§ YOUR OBJECTIVE: Your task is to copy the data exactly while leaving out every picture.

§ Data extracted from a collection:
+-------+
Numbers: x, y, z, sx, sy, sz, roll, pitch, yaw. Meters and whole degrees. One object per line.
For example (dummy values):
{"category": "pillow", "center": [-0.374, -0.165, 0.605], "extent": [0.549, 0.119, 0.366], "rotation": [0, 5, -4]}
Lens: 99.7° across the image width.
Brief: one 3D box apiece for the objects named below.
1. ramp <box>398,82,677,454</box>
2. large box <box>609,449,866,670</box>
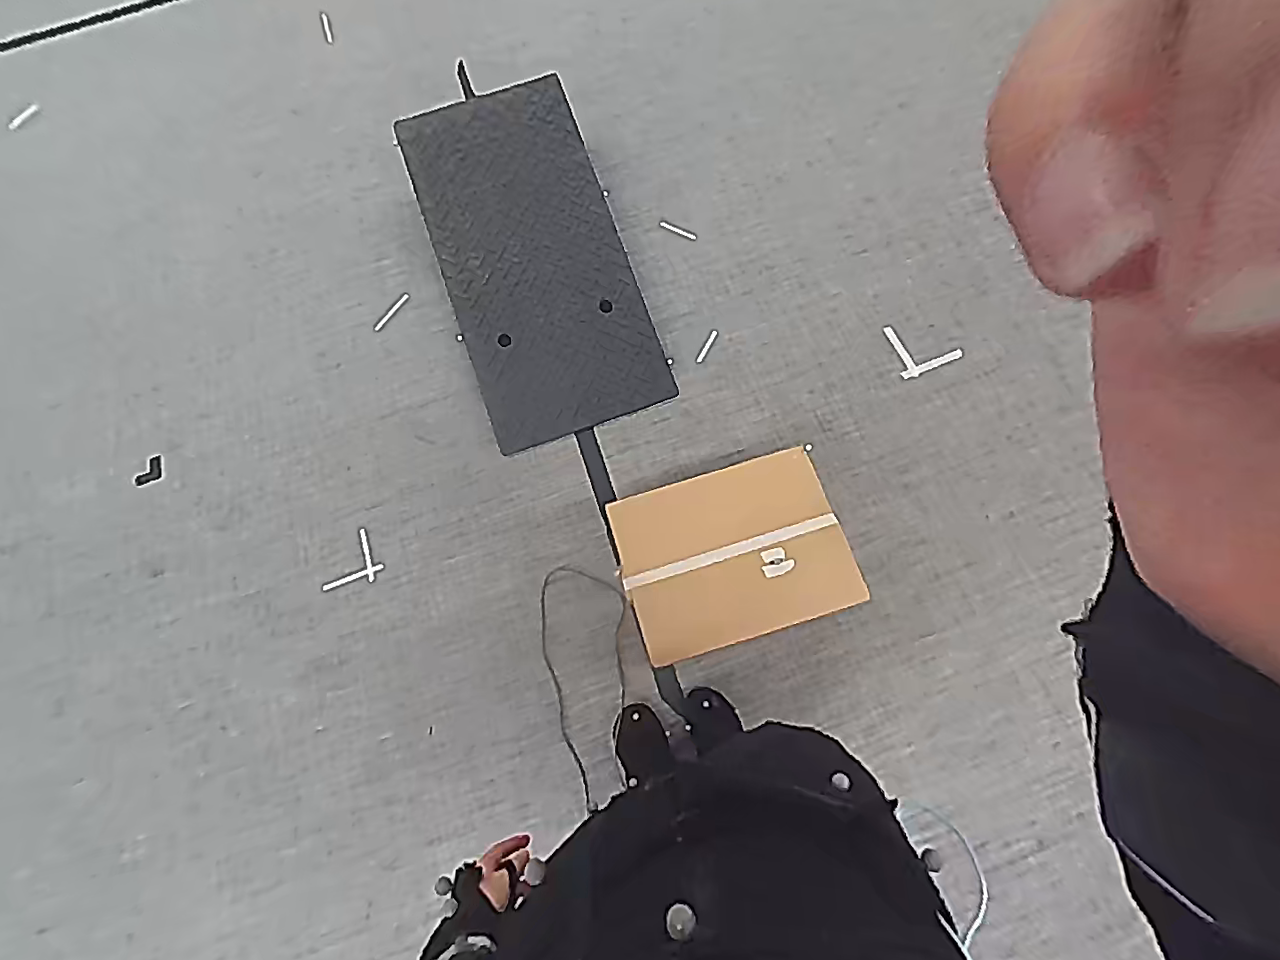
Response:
{"category": "ramp", "center": [-0.291, -0.605, 1.484], "extent": [0.509, 0.206, 0.991], "rotation": [-21, 72, -4]}
{"category": "large box", "center": [0.178, 0.183, 1.135], "extent": [0.408, 0.320, 0.320], "rotation": [-17, 71, -3]}
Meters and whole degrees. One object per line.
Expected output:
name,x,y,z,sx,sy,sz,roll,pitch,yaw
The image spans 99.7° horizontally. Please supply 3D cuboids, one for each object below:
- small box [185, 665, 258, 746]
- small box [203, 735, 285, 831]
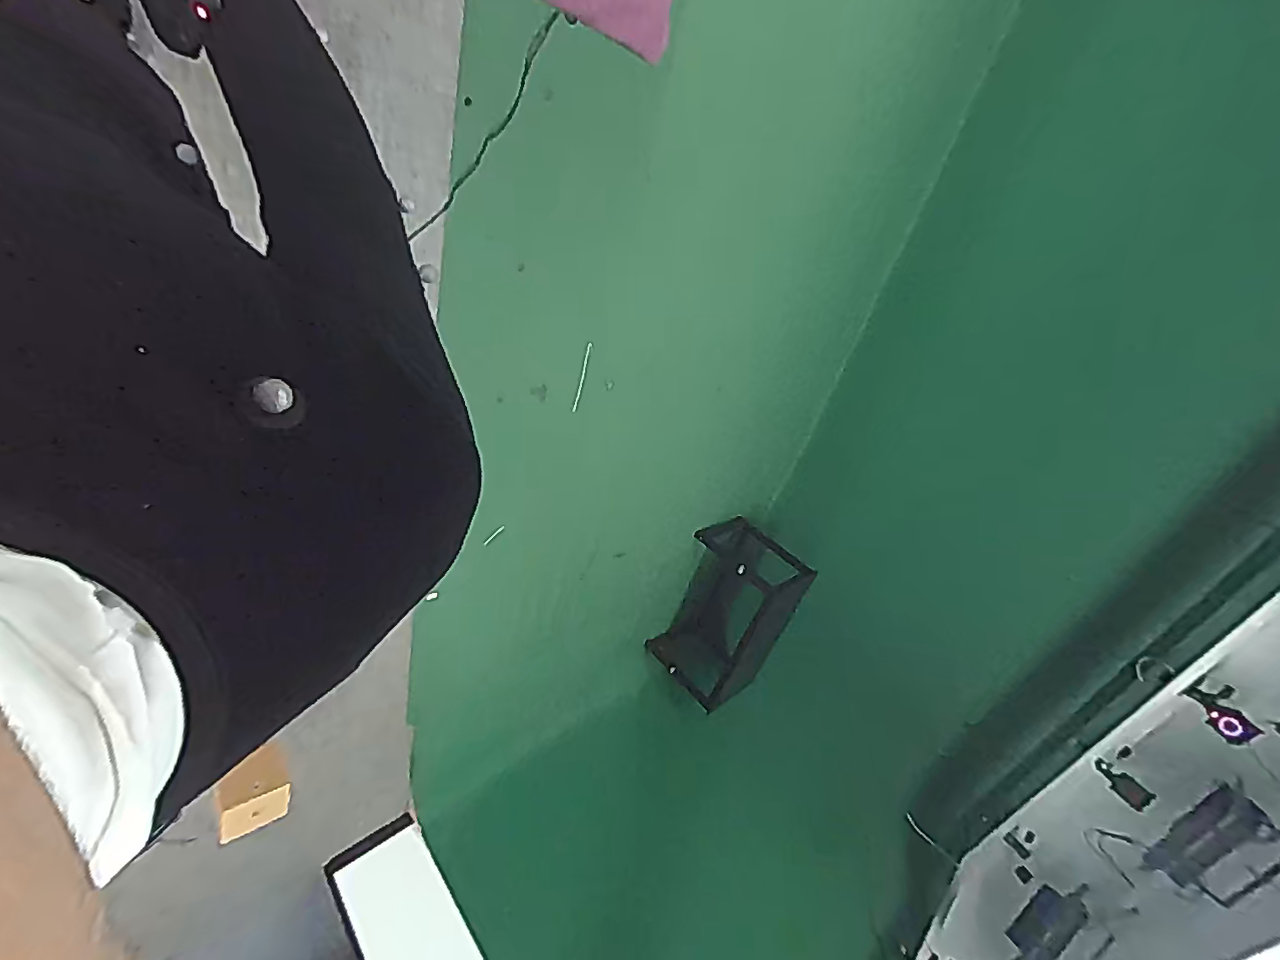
small box,-1.466,0.782,1.895,0.179,0.176,0.168,-9,129,-45
small box,-1.253,0.948,1.709,0.179,0.176,0.168,-6,127,-47
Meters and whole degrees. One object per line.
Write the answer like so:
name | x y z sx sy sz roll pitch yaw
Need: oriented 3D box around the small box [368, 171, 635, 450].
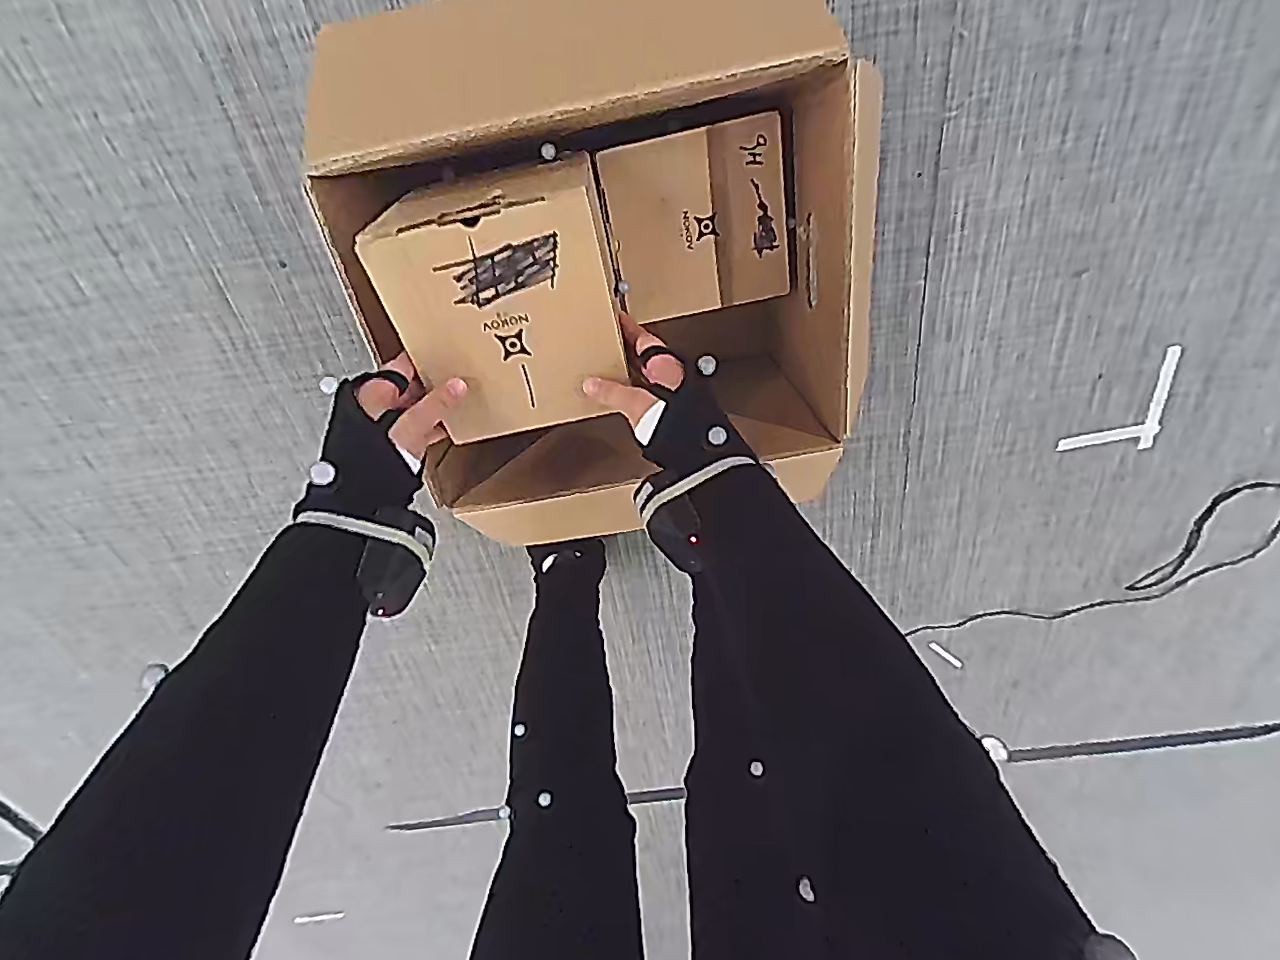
small box | -0.105 -0.158 0.484 0.168 0.176 0.179 -11 132 3
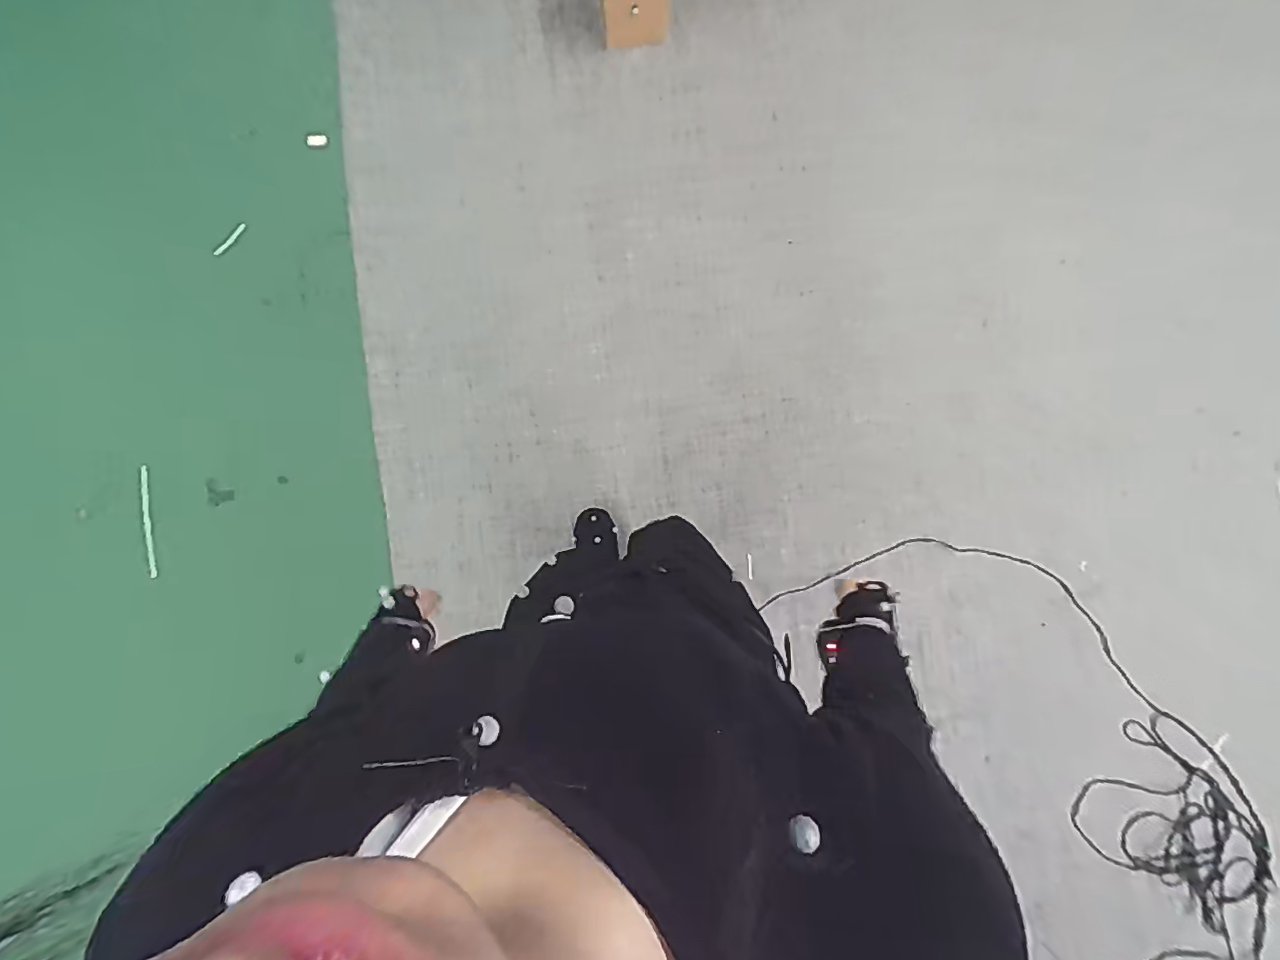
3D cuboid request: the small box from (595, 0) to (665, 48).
[{"bbox_3d":[-0.031,-1.326,1.465,0.179,0.176,0.168,-11,90,0],"label":"small box"}]
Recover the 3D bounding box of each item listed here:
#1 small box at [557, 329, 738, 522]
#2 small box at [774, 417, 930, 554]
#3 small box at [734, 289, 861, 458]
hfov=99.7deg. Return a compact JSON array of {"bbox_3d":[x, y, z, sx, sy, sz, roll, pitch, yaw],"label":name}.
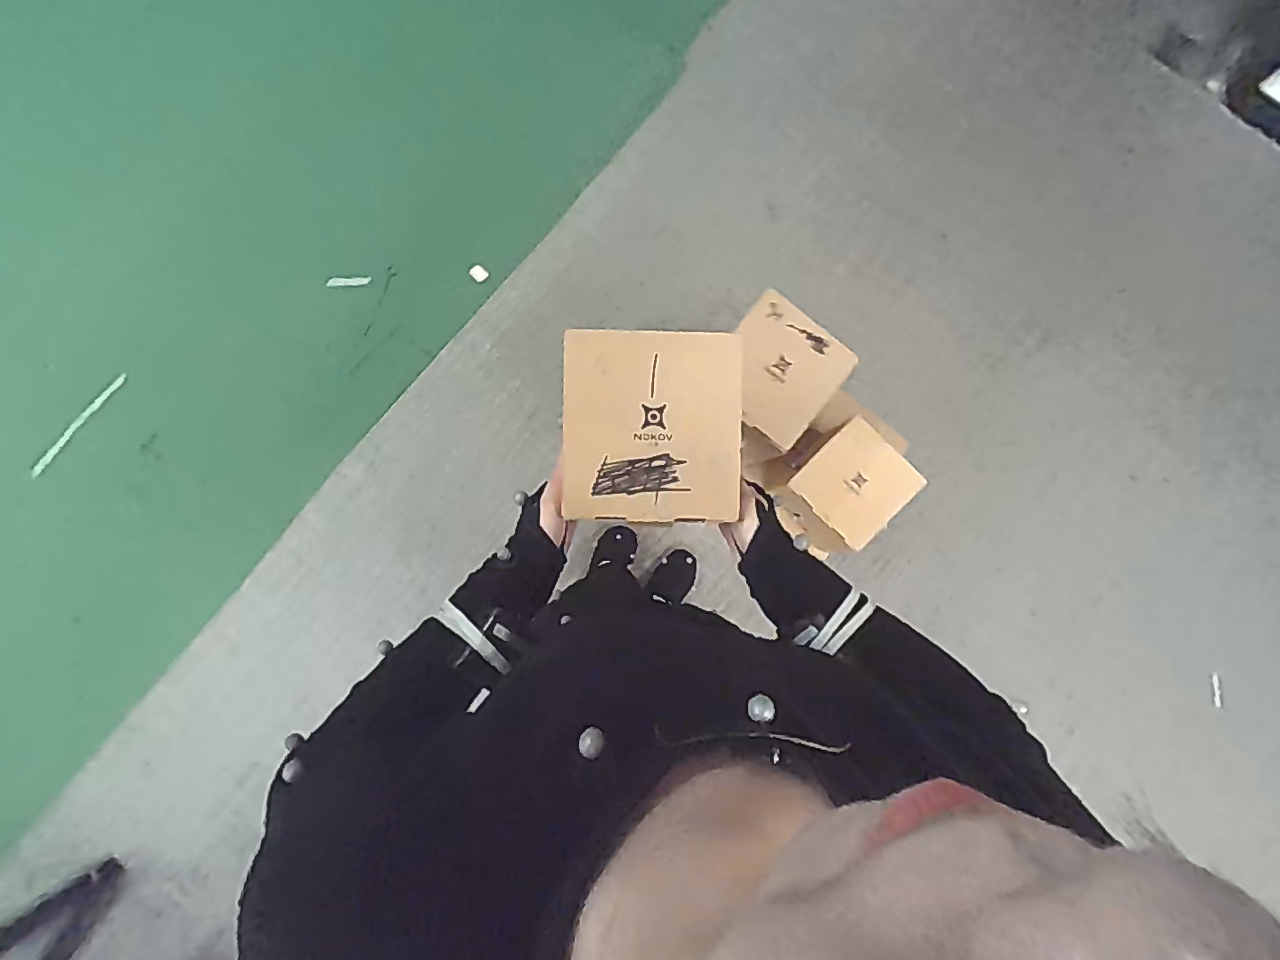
+-------+
§ YOUR SOLUTION:
Numbers: x, y, z, sx, sy, sz, roll, pitch, yaw. Meters and whole degrees. One object per line.
For example (dummy values):
{"category": "pillow", "center": [-0.374, -0.165, 0.605], "extent": [0.549, 0.119, 0.366], "rotation": [0, 5, -4]}
Lens: 99.7° across the image width.
Brief: one 3D box apiece for the objects named below.
1. ramp <box>398,82,677,454</box>
2. large box <box>609,449,866,670</box>
Response:
{"category": "ramp", "center": [-0.291, -0.605, 1.484], "extent": [0.509, 0.206, 0.991], "rotation": [-21, 72, -4]}
{"category": "large box", "center": [0.178, 0.183, 1.135], "extent": [0.408, 0.320, 0.320], "rotation": [-17, 71, -3]}
Meters and whole degrees. One object per line.
Expected output:
name,x,y,z,sx,sy,sz,roll,pitch,yaw
The image spans 99.7° horizontally. Please supply 3D cuboids, one for each object below:
- small box [185, 665, 258, 746]
- small box [203, 735, 285, 831]
small box,-1.466,0.782,1.895,0.179,0.176,0.168,-9,129,-45
small box,-1.253,0.948,1.709,0.179,0.176,0.168,-6,127,-47
Meters and whole degrees. One object per line.
Write the answer like so:
name | x y z sx sy sz roll pitch yaw
Need: oriented 3D box around the small box [368, 171, 635, 450].
small box | -0.105 -0.158 0.484 0.168 0.176 0.179 -11 132 3
3D cuboid request: the small box from (595, 0) to (665, 48).
[{"bbox_3d":[-0.031,-1.326,1.465,0.179,0.176,0.168,-11,90,0],"label":"small box"}]
Recover the 3D bounding box of each item listed here:
#1 small box at [557, 329, 738, 522]
#2 small box at [774, 417, 930, 554]
#3 small box at [734, 289, 861, 458]
hfov=99.7deg. Return a compact JSON array of {"bbox_3d":[x, y, z, sx, sy, sz, roll, pitch, yaw],"label":name}.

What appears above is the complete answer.